First, go to the Playground and click Create New Session.
You will see a rag example prompt pre-populated. The prompt is:
prompt template
Use the following pieces of context from Nike's financial 10k filingsdataset to answer the question. Do not make up an answer if no context isprovided to help answer it.Context:---------{{context}}---------Question: {{question}}---------Answer:
The inputs row shows that context has been pre-populated with a snippet from Nike’s 10k filings.
Our question to ask the LLM is: Which operating segment contributed least to total Nike brand revenue in fiscal 2023?
Now, let’s add an auto-eval metric. Click Evaluation metrics and Register new auto-eval metric.
Select RAG as our use case, and let’s start with Context Relevance as our metric. Click Setup.
You will notice that this metric requires a question and context input.

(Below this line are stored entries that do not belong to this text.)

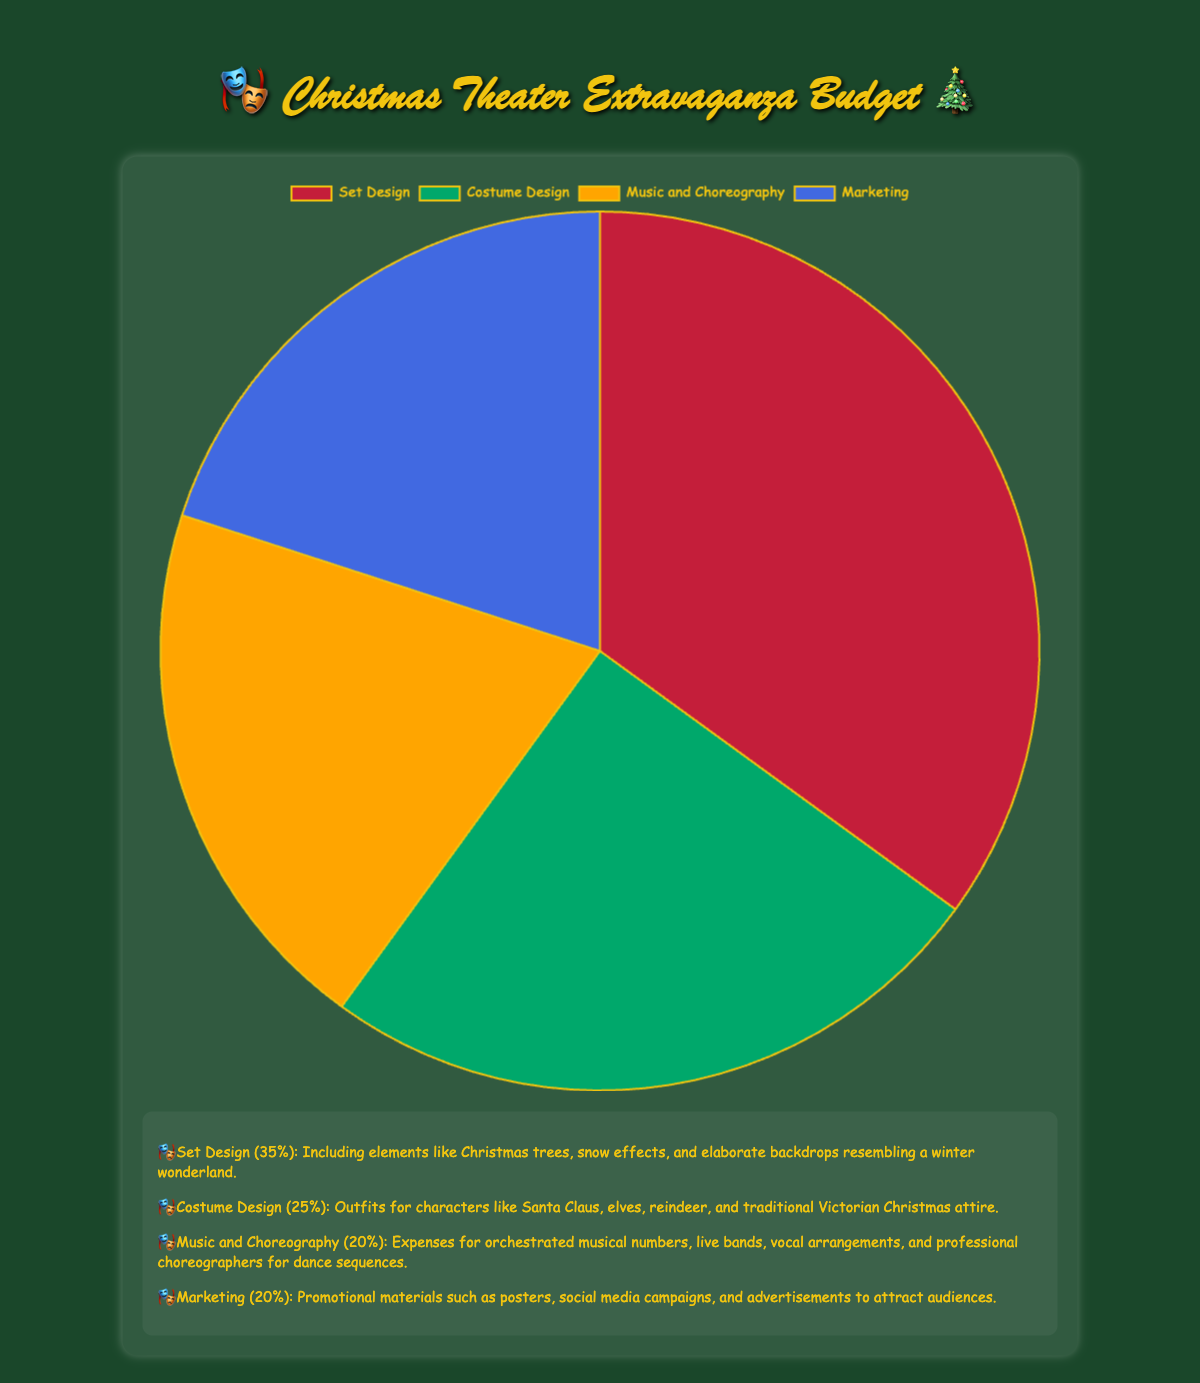What percentage of the budget is allocated to both Set Design and Costume Design combined? First, identify the percentages for Set Design and Costume Design separately, which are 35% and 25%. Then, add these two percentages together: 35% + 25% = 60%.
Answer: 60% Which category receives a larger portion of the budget, Music and Choreography or Marketing? Compare the percentages allocated to both categories. Music and Choreography has 20% and so does Marketing. Therefore, they receive equal portions of the budget.
Answer: Neither, they are equal What is the smallest allocation category, and what percentage of the budget does it receive? Review the percentages for each category. Both Music and Choreography and Marketing have the smallest percentages at 20%.
Answer: Music and Choreography and Marketing, 20% If the budget for Music and Choreography were increased by 10%, what would the new percentage be? Begin with the original percentage for Music and Choreography, which is 20%. Then add 10% to it: 20% + 10% = 30%.
Answer: 30% What is the difference in budget allocation between Set Design and Music and Choreography? Identify the percentages for Set Design and Music and Choreography, which are 35% and 20% respectively. Subtract the smaller percentage from the larger one: 35% - 20% = 15%.
Answer: 15% Which category is depicted using the color green in the chart? Observe the color scheme of the graph. The green section corresponds to Costume Design.
Answer: Costume Design What fraction of the budget is allocated to Marketing relative to the total budget? The percentage allocated to Marketing is 20%. To express this as a fraction of the total budget of 100%, divide 20 by 100: 20/100 = 1/5.
Answer: 1/5 If you were to split the total budget allocation equally among all categories, what would each category's percentage be? There are 4 categories in total. To find the equal share for each category, divide 100% by 4: 100% / 4 = 25%.
Answer: 25% Which category has exactly 10% more budget allocation than Music and Choreography? Identify Music and Choreography's percentage (20%) and add 10% to it to get 30%. No category has exactly 30%, so no category fits this condition.
Answer: None

Since our prompt template already has these inputs, we can click Register. Now, this metric will always be available.
To finish, click Set eval metric(s) to enable this metric in our current Playground session.
The Compare button will now say Compare & evaluate; click it.

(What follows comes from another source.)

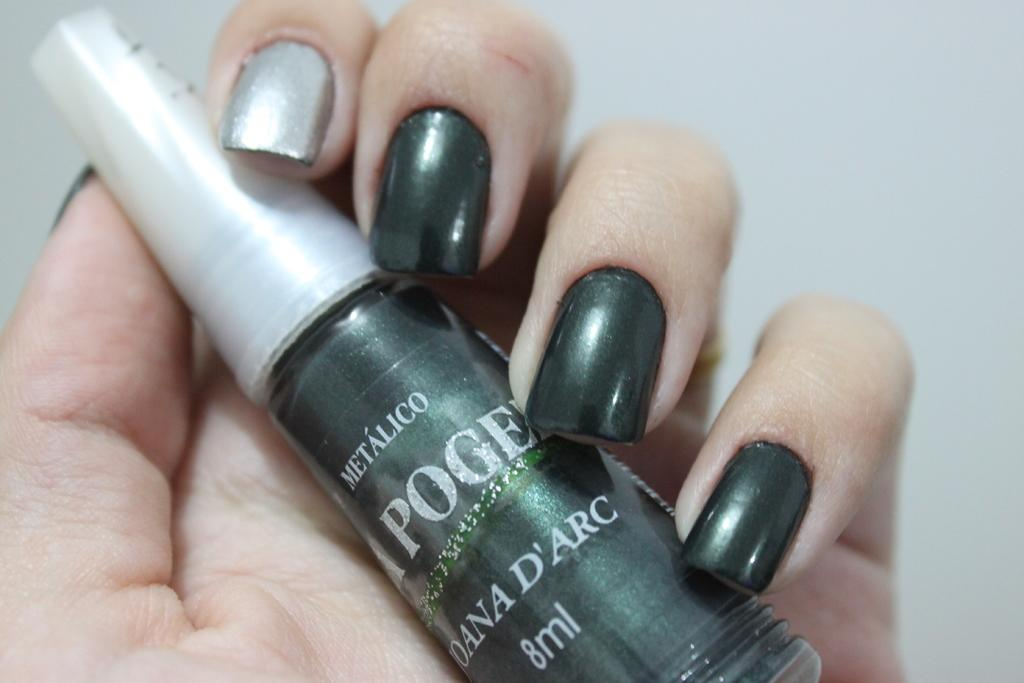<image>
Provide a brief description of the given image. A woman holds a bottle of Metalico nail polish.

First, a new LLM result will be generated. Then, the session will automatically save your results. Then, the evaluation score will be computed.
You will see your score at the top of the Prompt section and the Inference section.
My score was Context Relevance-b6CK' score: 0.08 what was yours?
What if we know what the correct answer should be? Add a target variable to our prompt to represent the correct answer.
In the Input section, click the blue button to Add inputs to test collection.
Next, enter the name Rag Example for our new collection. And where it says Define a target paste:
target
Global Brand Divisions
Finally, click Create collection.
Now, let’s register a new auto-eval metric. This time, select General as our use case and Answer Matches Target - LLM Judge as our metric.
Once again, no changes are needed since our prompt template input variable names match the required inputs of the metric,
click Register, then Set eval metric(s).
We now have two metrics attached to this session, Context Relevance and Answer Matches Target - LLM Judge.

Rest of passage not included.